TASK INSTRUCTIONS |
This exercise calls for the data below to be retyped exactly, minus any images.

··· SUPPLIED RECORDS

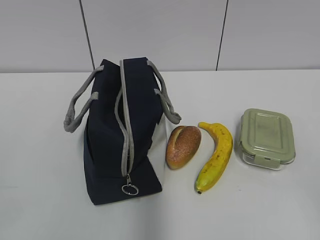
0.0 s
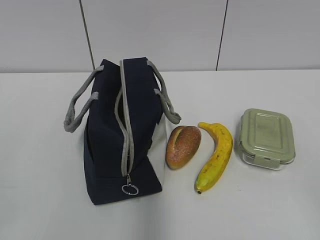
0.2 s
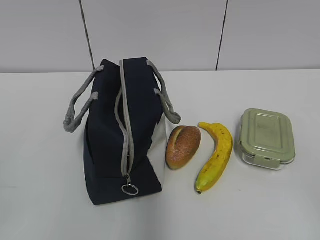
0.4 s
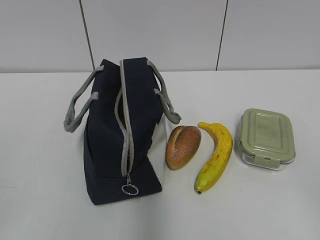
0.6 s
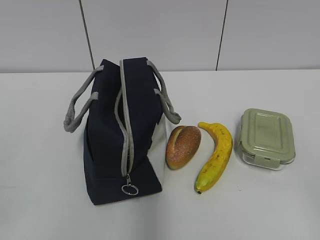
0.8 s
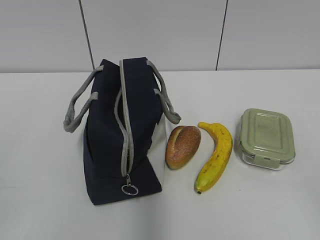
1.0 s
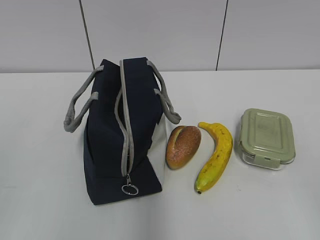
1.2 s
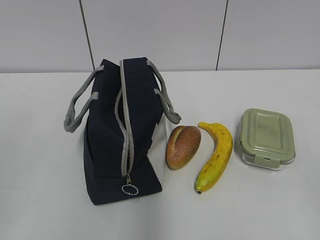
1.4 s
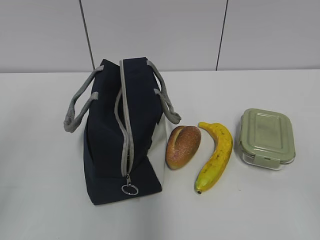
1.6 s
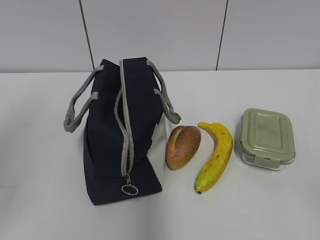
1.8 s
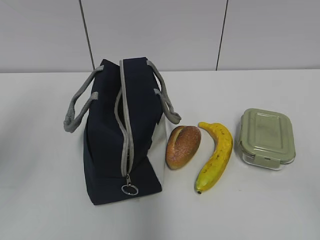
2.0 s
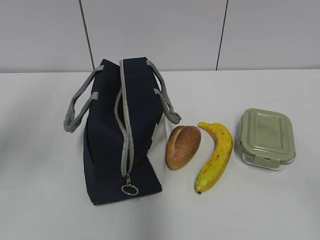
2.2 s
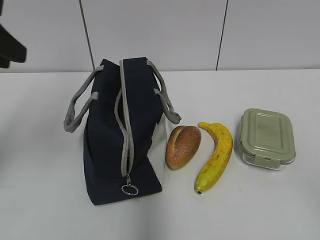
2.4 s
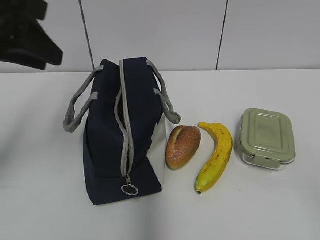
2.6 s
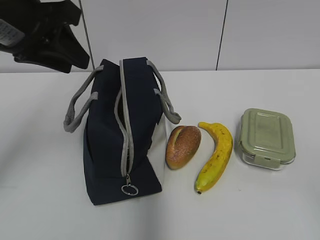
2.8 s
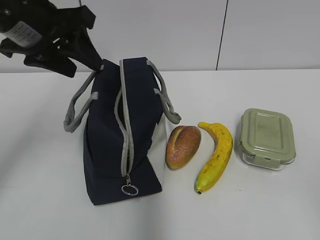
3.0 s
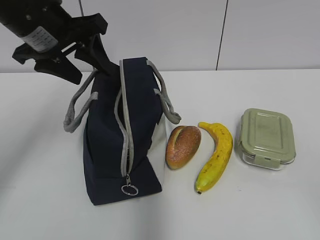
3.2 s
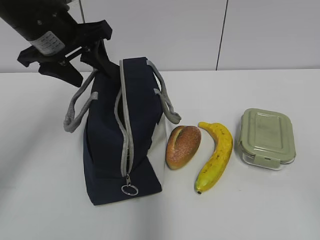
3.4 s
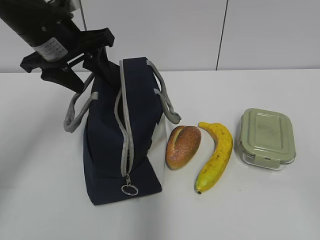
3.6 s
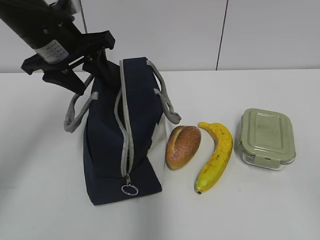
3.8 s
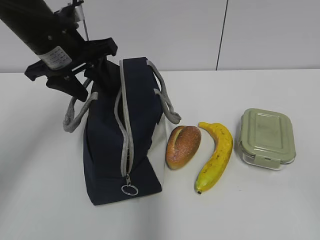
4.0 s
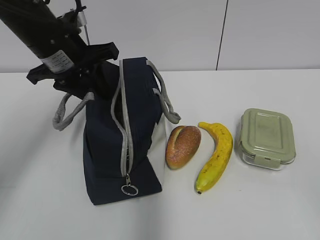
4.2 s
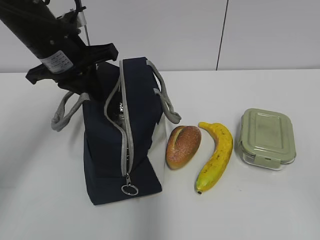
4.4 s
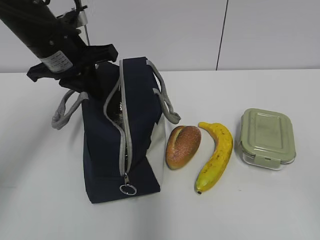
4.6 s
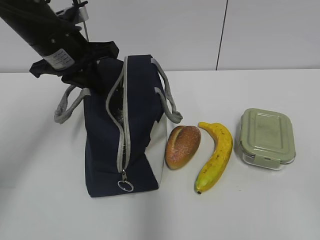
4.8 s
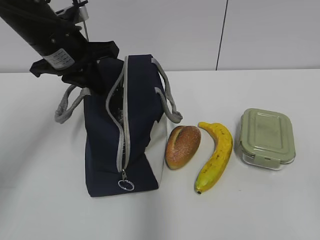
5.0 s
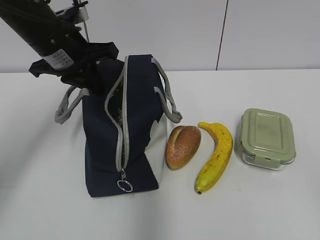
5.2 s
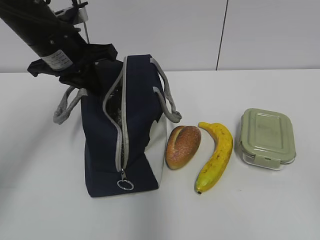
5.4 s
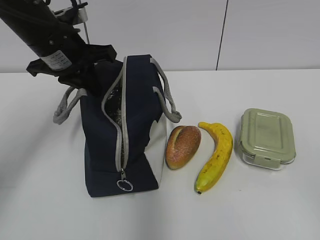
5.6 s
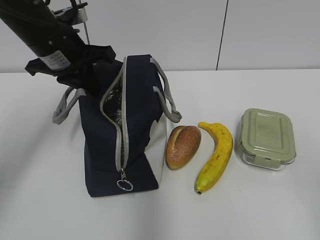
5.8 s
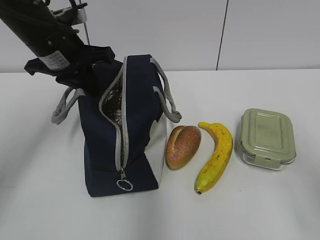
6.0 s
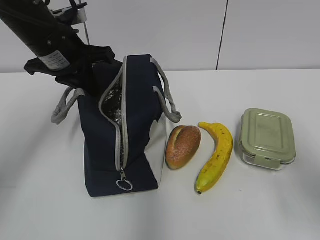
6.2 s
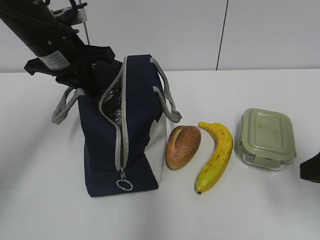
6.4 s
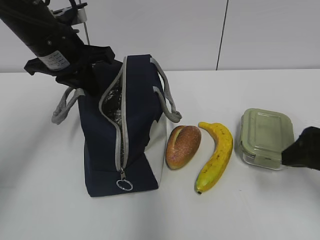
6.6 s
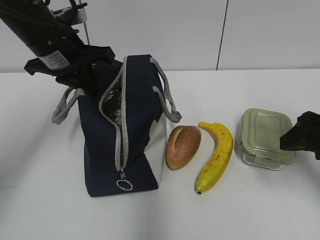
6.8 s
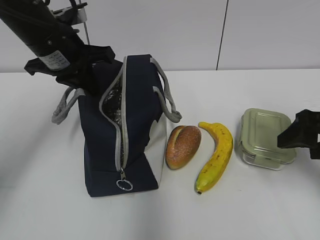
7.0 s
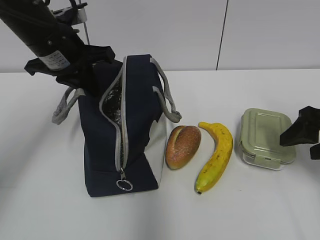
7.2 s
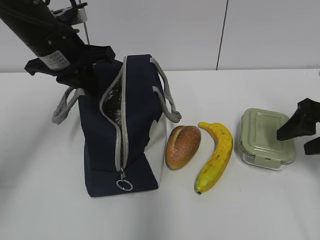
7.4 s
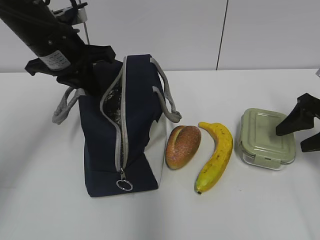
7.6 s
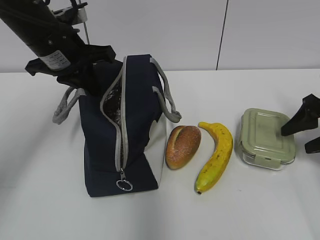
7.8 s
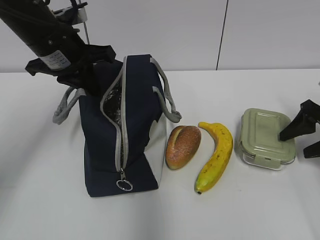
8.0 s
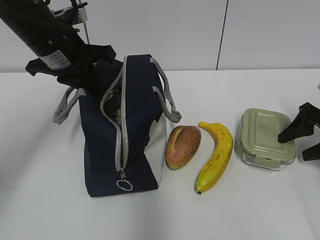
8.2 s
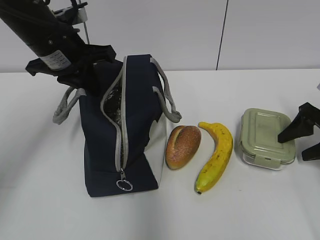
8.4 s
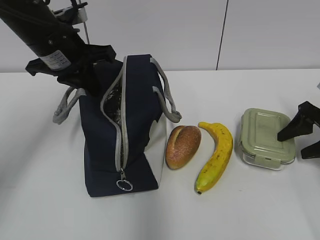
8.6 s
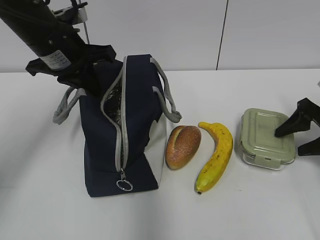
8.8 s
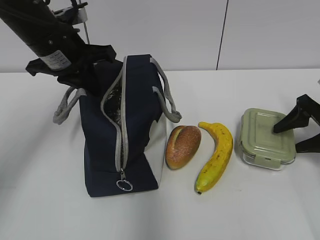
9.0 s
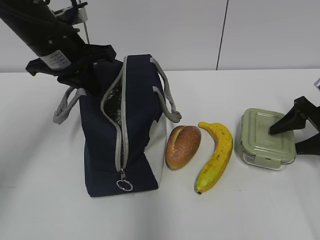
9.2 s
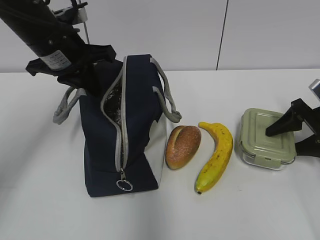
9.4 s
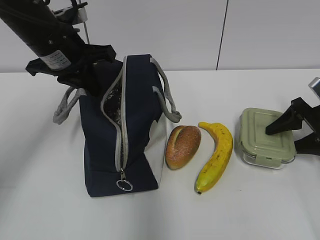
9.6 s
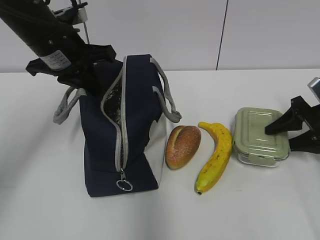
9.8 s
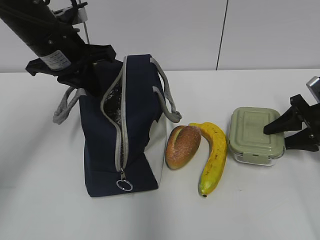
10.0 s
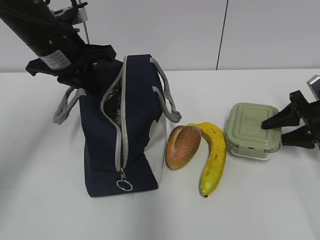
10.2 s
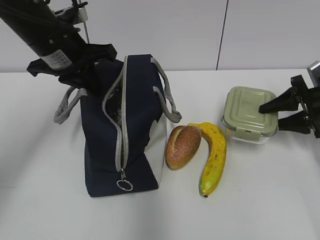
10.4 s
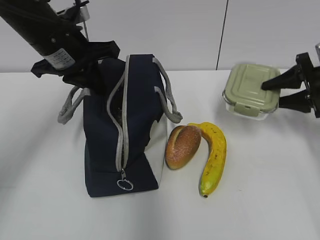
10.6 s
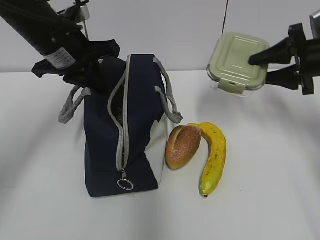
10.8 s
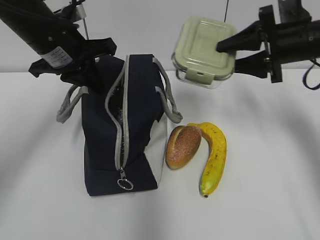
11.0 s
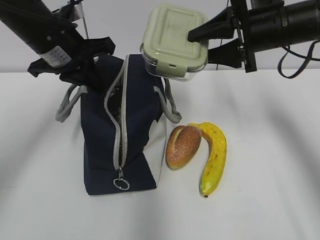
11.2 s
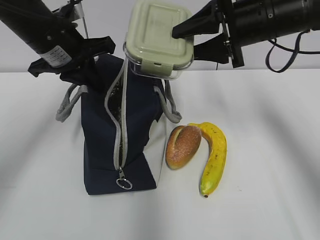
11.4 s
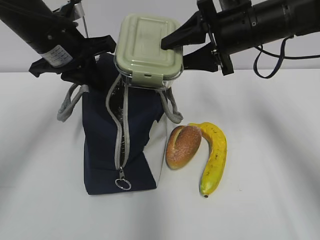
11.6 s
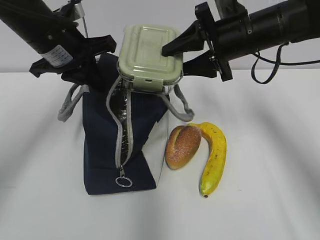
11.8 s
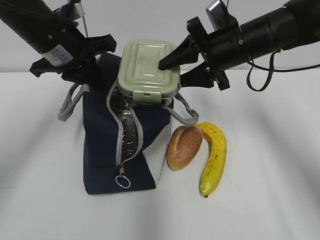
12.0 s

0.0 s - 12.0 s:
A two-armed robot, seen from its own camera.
Step, 0.0 s - 9.8 s: Grab the lunch box with your right hand.
1.6 s - 3.0 s: The left gripper shifts approximately 25 cm forward and to the right.
3.0 s - 4.4 s: The left gripper heads downward, covering some 5 cm, and closes.
4.4 s - 6.0 s: The right gripper is displaced forward by about 10 cm.
6.0 s - 7.6 s: The right gripper travels forward and downward by some 25 cm.
7.6 s - 9.0 s: The grippers stay close to where they were, moving slightly.
9.0 s - 10.4 s: The grippers make only small movements.
10.4 s - 12.0 s: The right gripper heads to the left and upward, covering approximately 20 cm.

······

FINISHED TASK |
0.0 s
0.2 s
0.4 s
0.6 s
0.8 s
1.0 s
1.2 s
1.4 s
1.6 s
1.8 s
2.0 s
2.2 s
2.4 s
2.6 s
2.8 s
3.0 s
3.2 s
3.4 s
3.6 s
3.8 s
4.0 s
4.2 s
4.4 s
4.6 s
4.8 s
5.0 s
5.2 s
5.4 s
5.6 s
5.8 s
6.0 s
6.2 s
6.4 s
6.6 s
6.8 s
7.0 s
7.2 s
7.4 s
7.6 s
7.8 s
8.0 s
8.2 s
8.4 s
8.6 s
8.8 s
9.0 s
9.2 s
9.4 s
9.6 s
9.8 s
10.0 s
10.2 s
10.4 s
10.6 s
10.8 s
11.0 s
11.2 s
11.4 s
11.6 s
11.8 s
12.0 s

0.0 s - 12.0 s:
A two-armed robot, seen from its own camera.
Step, 0.0 s - 9.8 s: Grab the lunch box with your right hand.
1.6 s - 3.0 s: The left gripper shifts approximately 25 cm forward and to the right.
3.0 s - 4.4 s: The left gripper heads downward, covering some 5 cm, and closes.
4.4 s - 6.0 s: The right gripper is displaced forward by about 10 cm.
6.0 s - 7.6 s: The right gripper travels forward and downward by some 25 cm.
7.6 s - 9.0 s: The grippers stay close to where they were, moving slightly.
9.0 s - 10.4 s: The grippers make only small movements.
10.4 s - 12.0 s: The right gripper heads to the left and upward, covering approximately 20 cm.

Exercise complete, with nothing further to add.